Under the "open fields" doctrine, any property beyond the curtilage is not afforded Fourth Amendment protection. Id. at 180. The "curtilage" is described as an area that "harbors the intimate activity associated with the sanctity of one's home and the privacies of life." United States v. Dunn, 480 U.S. 294, 300 (1987) (quotation omitted). Whether property is within the curtilage is a question of fact. United States v. Benish, 5 F.3d 20, 23-24 (3d Cir. 1993). "[T]he extent of curtilage is determined by factors that bear upon whether an individual reasonably may expect that the area in question should be treated as the home itself," including such factors as:
(1) "the proximity of the area claimed to be curtilage to the home";
(2) "whether the area is included within an enclosure surrounding the home";
(3) "the nature of the uses to which the area is put"; and
(4) "the steps taken by the resident to protect the area from observation by people passing by."Dunn, 480 U.S. at 300-01. B. Discussion
The overgrown "bush" area located behind the property at 6-6 Catherine's Rest was a distance away from the home and it was not included within any enclosure surrounding the home. Rather, the overgrown area searched behind the property, from which several items of evidence were recovered, was outside of a barbed wire fence enclosing the residence located at 6-6 Catherine's Rest.See Testimony of Cpl. Abraham at Suppression Hearing, January 26, 2009. Cpl. Abraham testified that there were no other residences in or near the area searched. Because the overgrown area was not used for any residential purposes, it is not an area within which society would reasonably expect the same privacy as within a home. The Court finds that the overgrown "bush" area was not within the curtilage, but rather was an open field. Thus, the officers needed neither reasonable suspicion nor probable cause to search.

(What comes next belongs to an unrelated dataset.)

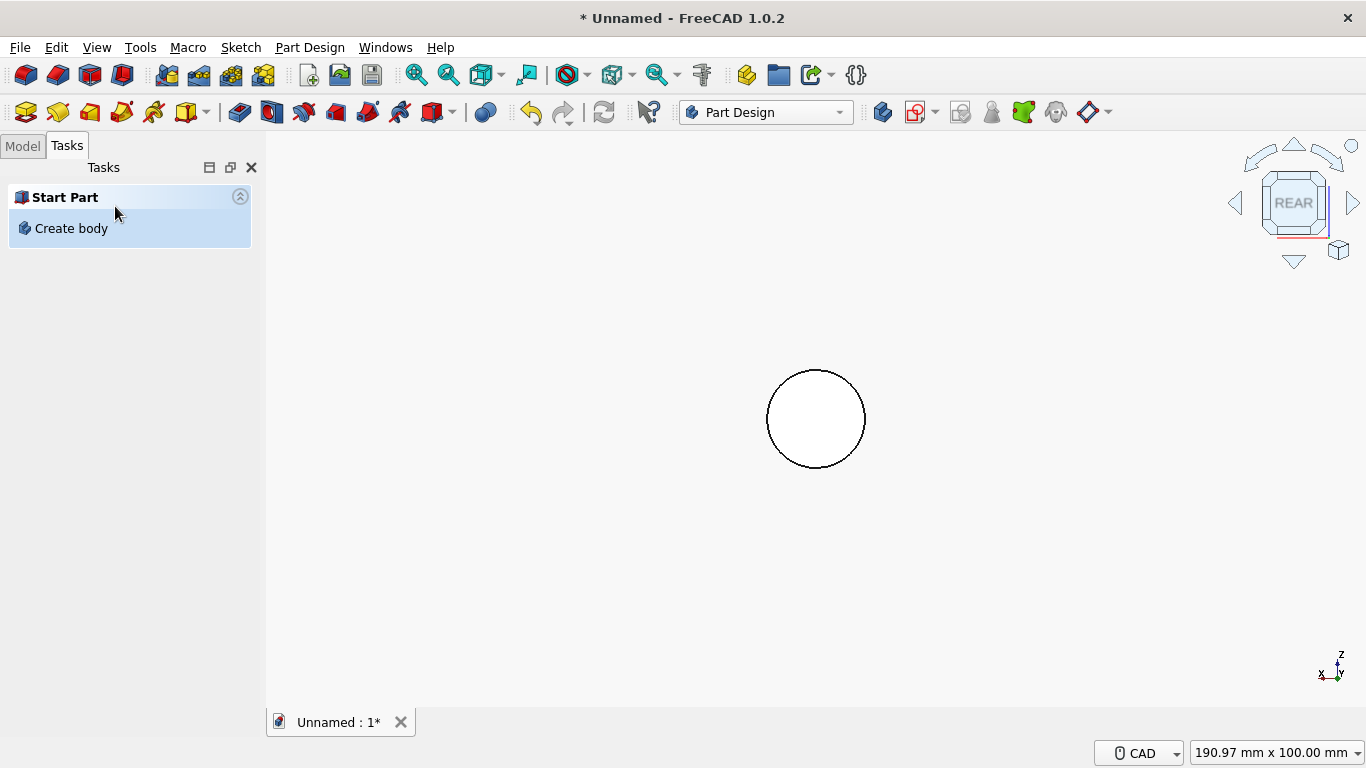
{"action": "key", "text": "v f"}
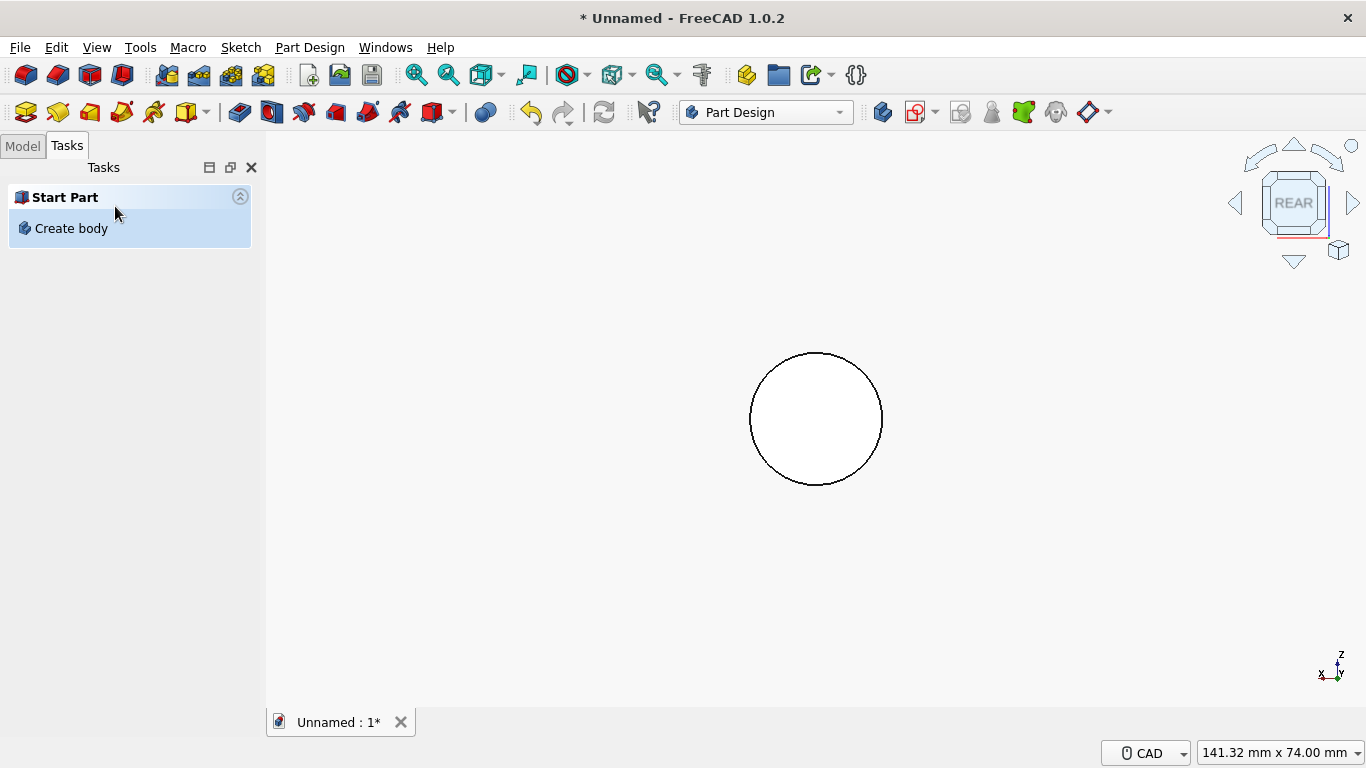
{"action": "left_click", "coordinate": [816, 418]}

As explained above, when an officer does not violate the Fourth Amendment in arriving at the place from which the evidence can be plainly viewed and the evidence's incriminating character is immediately apparent, warrantless search or seizure does not offend the Fourth Amendment under the "plain view" doctrine. Because the open fields doctrine applied, the officer's presence and search of the overgrown area behind the property located at 6-6 Catherine's Rest did not violate Defendants' Fourth Amendment rights. Once the officers saw the firearms in the area searched, the seizure was proper under the open fields and plain view doctrines.
VIII. CONCLUSION
The Court finds that the initial stop of the vehicle occupied by Defendants Amon Thomas and Okimo Meligan was justified based on reasonable suspicion.See Terry, 392 U.S. at 30. The Motion to Suppress is denied as to the seizure of the marijuana plants growing beside and in back of the residence located at 6-6 Catherine's Rest because the officers did not violate Defendants' Fourth Amendment rights in conducting a protective sweep around the residence and the seizure of the marijuana plants was proper under the plain view doctrine. The Motion to Suppress is denied as to the evidence seized during the search of the residence itself because the officers obtained voluntary consent to search the house. Finally, the Motion to Suppress is denied as to the items of evidence obtained from the overgrown area in back of the property located at 6-6 Catherine's Rest because the area searched fell within the definition of an open field. For the reasons stated herein, Defendants' Motion to Suppress is DENIED.